# [Work item]
Nothing but the lines below from the one containing "What percentage of" through the one containing "Answer: 40% Which" should appear in the answer, exact and without pictures.

══ Records supplied

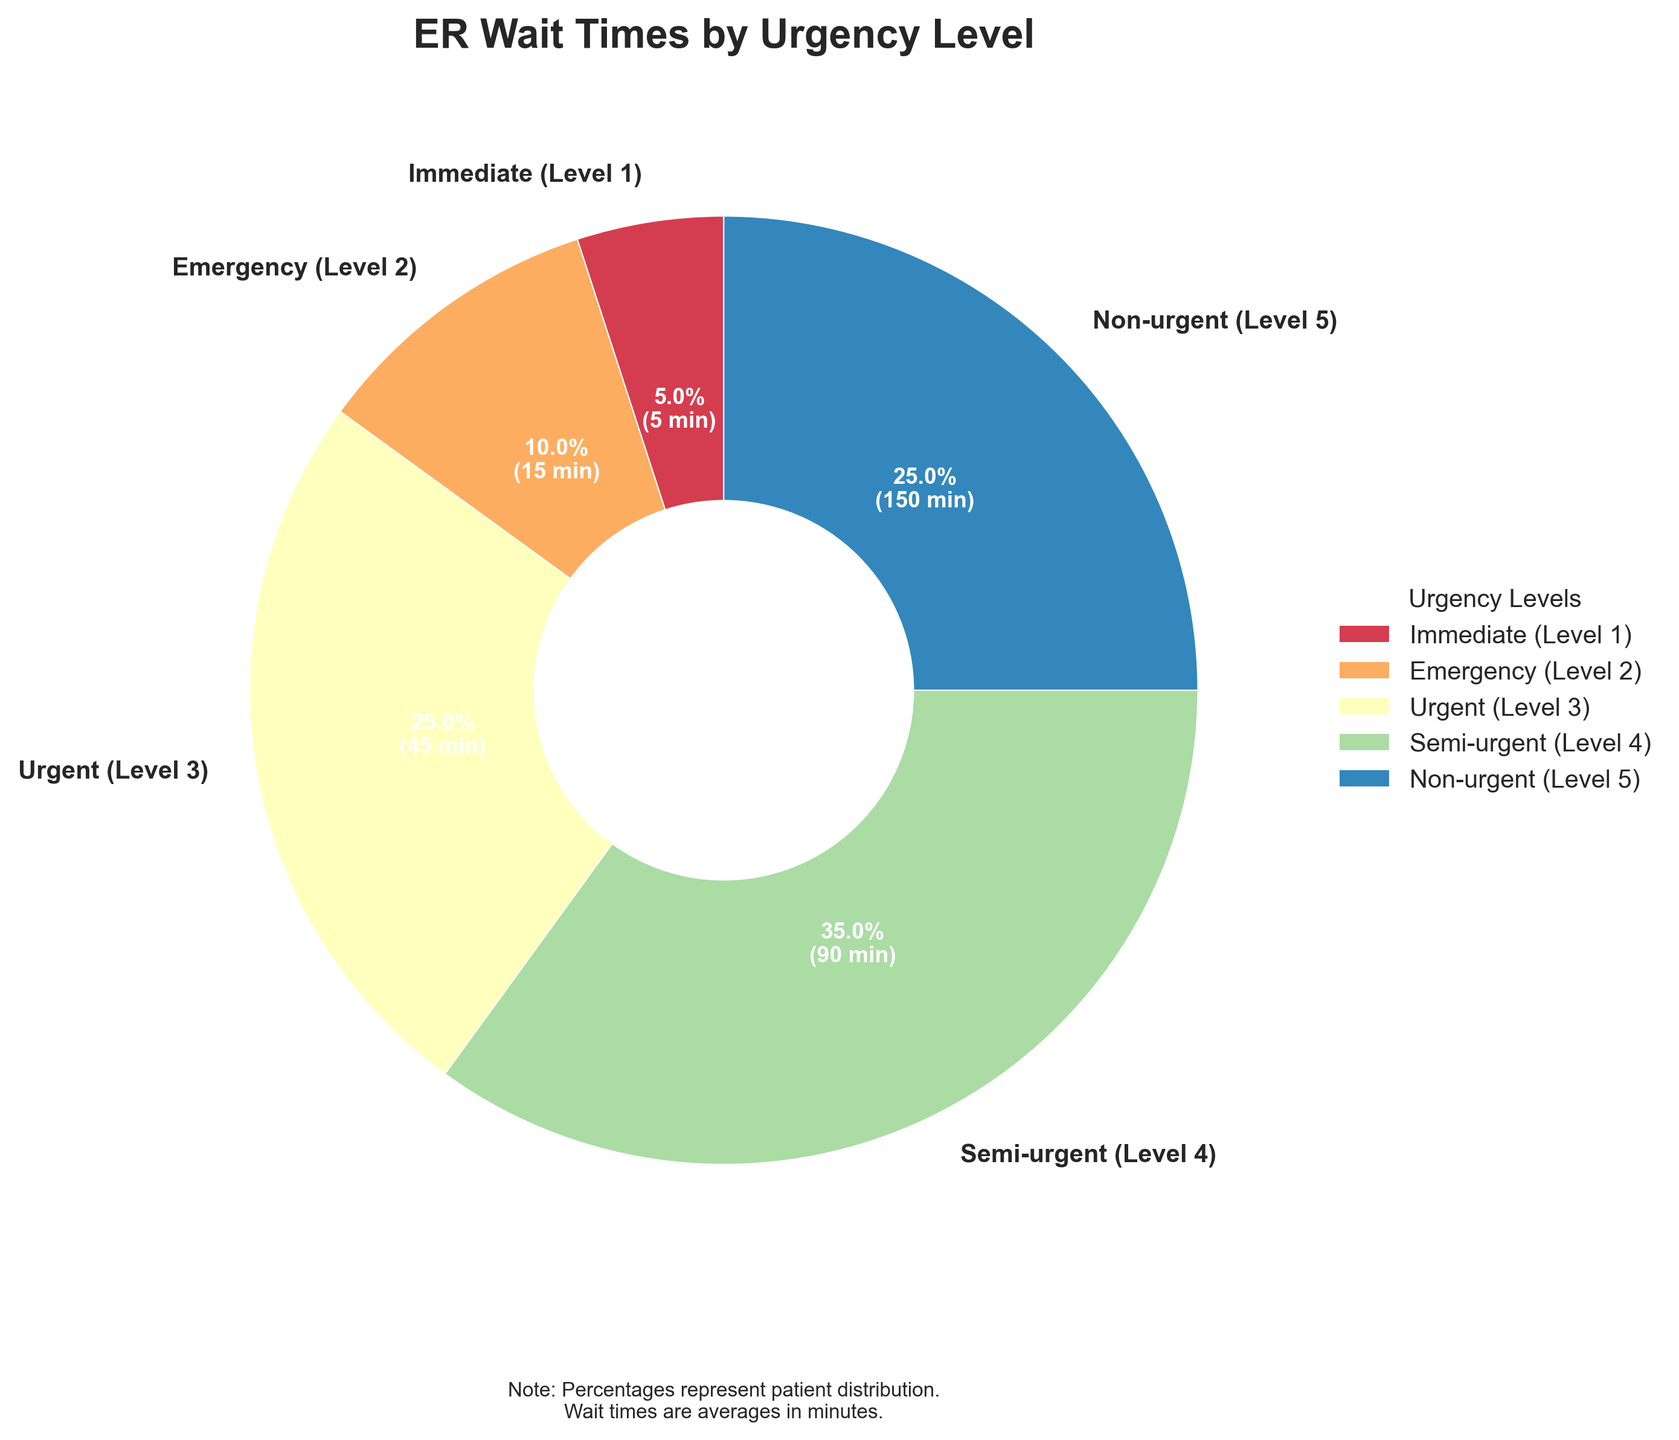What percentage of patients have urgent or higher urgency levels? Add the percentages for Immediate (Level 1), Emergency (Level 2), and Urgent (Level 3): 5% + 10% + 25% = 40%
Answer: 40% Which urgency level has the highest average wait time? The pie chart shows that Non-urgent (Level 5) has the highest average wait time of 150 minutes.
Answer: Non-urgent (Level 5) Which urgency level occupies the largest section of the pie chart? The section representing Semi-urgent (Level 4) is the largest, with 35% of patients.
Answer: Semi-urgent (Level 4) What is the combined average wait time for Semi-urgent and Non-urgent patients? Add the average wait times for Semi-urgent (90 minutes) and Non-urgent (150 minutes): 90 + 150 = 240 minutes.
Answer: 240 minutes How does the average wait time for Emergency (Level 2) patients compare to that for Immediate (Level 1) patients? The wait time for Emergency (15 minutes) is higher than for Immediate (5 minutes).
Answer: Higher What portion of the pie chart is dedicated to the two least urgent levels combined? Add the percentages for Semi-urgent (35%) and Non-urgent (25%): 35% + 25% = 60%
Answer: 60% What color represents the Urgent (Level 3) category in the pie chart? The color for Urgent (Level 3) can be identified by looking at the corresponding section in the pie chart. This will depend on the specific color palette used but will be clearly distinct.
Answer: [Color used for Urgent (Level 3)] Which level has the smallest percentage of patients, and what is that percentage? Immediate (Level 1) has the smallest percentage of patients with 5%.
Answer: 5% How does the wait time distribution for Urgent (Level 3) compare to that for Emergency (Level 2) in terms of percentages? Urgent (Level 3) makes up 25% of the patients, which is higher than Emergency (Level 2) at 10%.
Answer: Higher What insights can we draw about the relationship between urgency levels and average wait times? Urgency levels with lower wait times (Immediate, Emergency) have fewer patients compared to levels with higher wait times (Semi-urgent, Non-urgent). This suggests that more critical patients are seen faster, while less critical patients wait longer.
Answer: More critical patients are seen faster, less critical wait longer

════
══ Records supplied

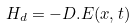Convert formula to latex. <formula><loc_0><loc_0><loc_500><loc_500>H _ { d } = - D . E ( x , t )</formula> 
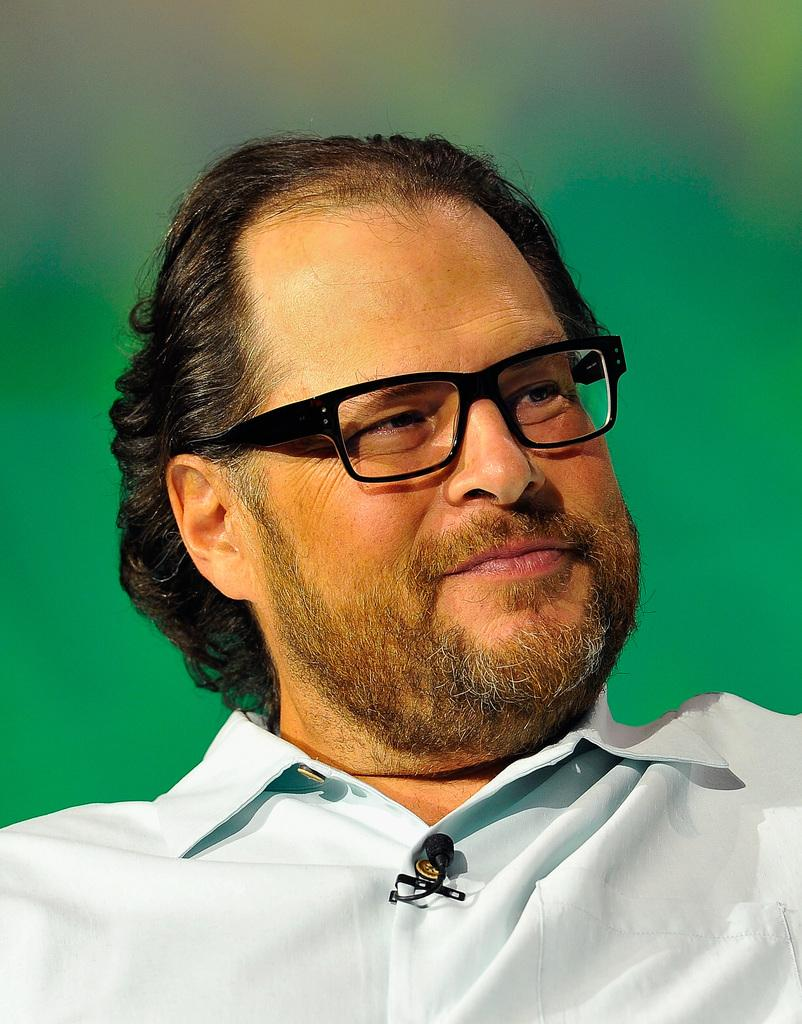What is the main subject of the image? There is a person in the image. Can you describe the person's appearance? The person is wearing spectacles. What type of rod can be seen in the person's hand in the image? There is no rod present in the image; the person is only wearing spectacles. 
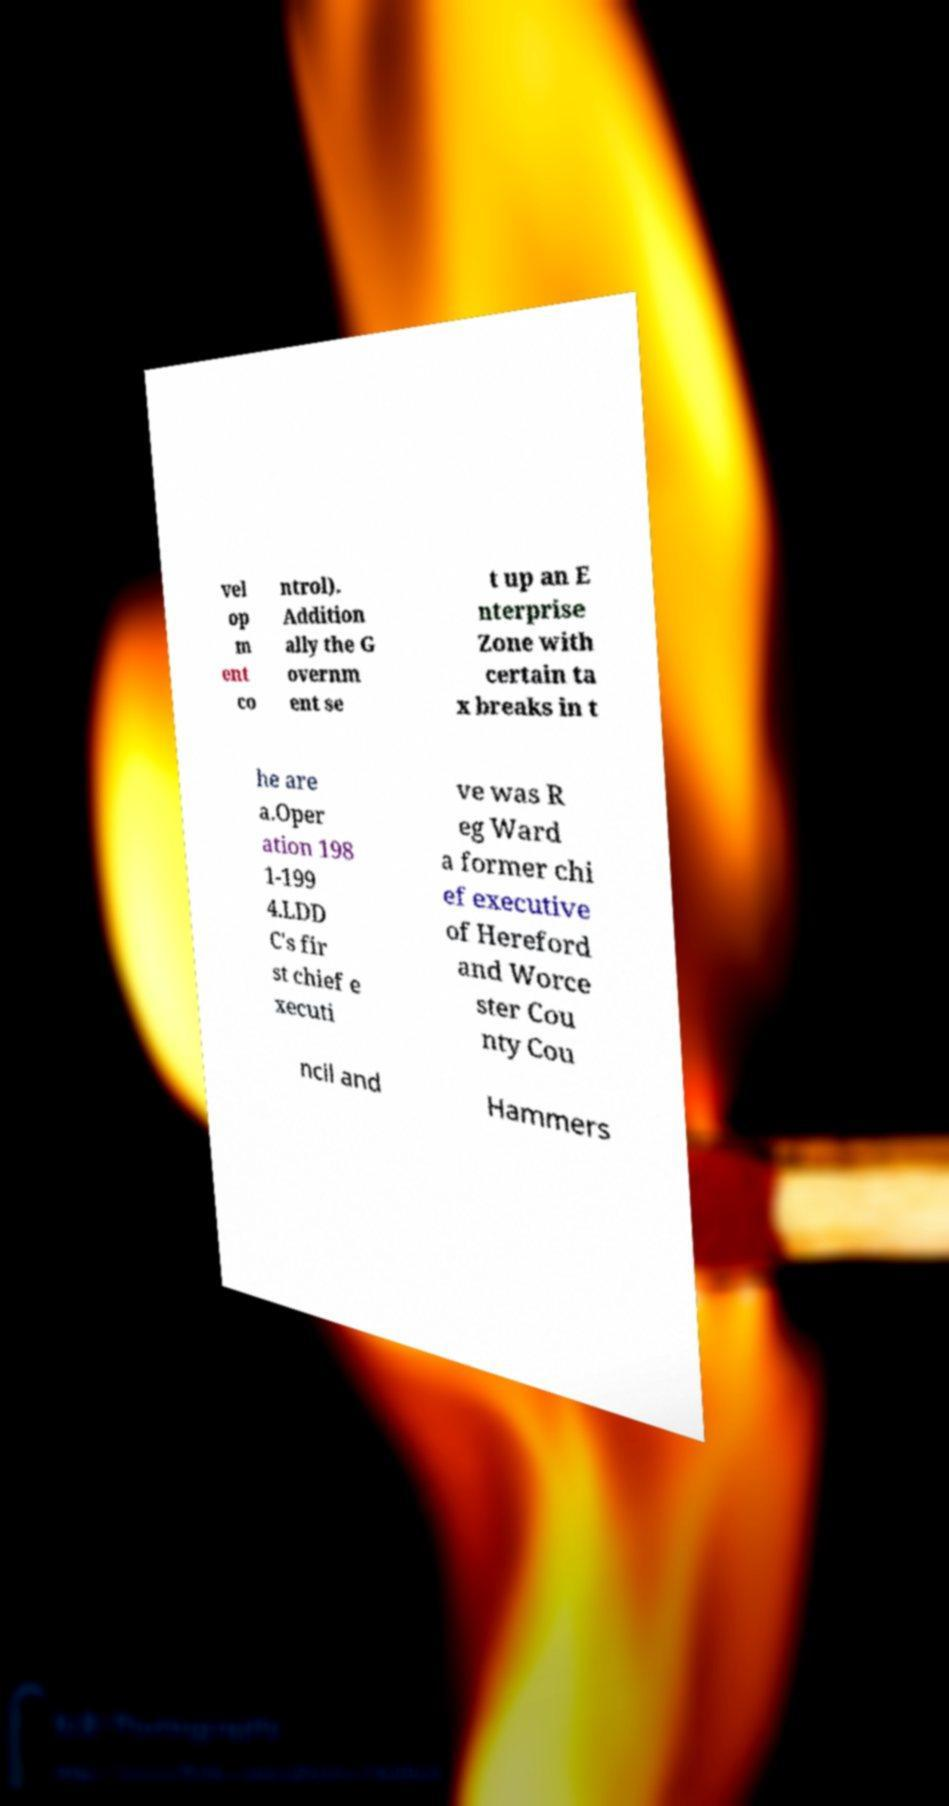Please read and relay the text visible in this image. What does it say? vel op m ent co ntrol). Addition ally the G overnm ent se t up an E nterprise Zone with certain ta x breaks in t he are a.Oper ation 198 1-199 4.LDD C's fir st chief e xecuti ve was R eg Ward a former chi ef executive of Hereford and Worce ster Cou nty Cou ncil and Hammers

════

# [Written reply]
What percentage of patients have urgent or higher urgency levels? Add the percentages for Immediate (Level 1), Emergency (Level 2), and Urgent (Level 3): 5% + 10% + 25% = 40%
Answer: 40% Which urgency level has the highest average wait time? The pie chart shows that Non-urgent (Level 5) has the highest average wait time of 150 minutes.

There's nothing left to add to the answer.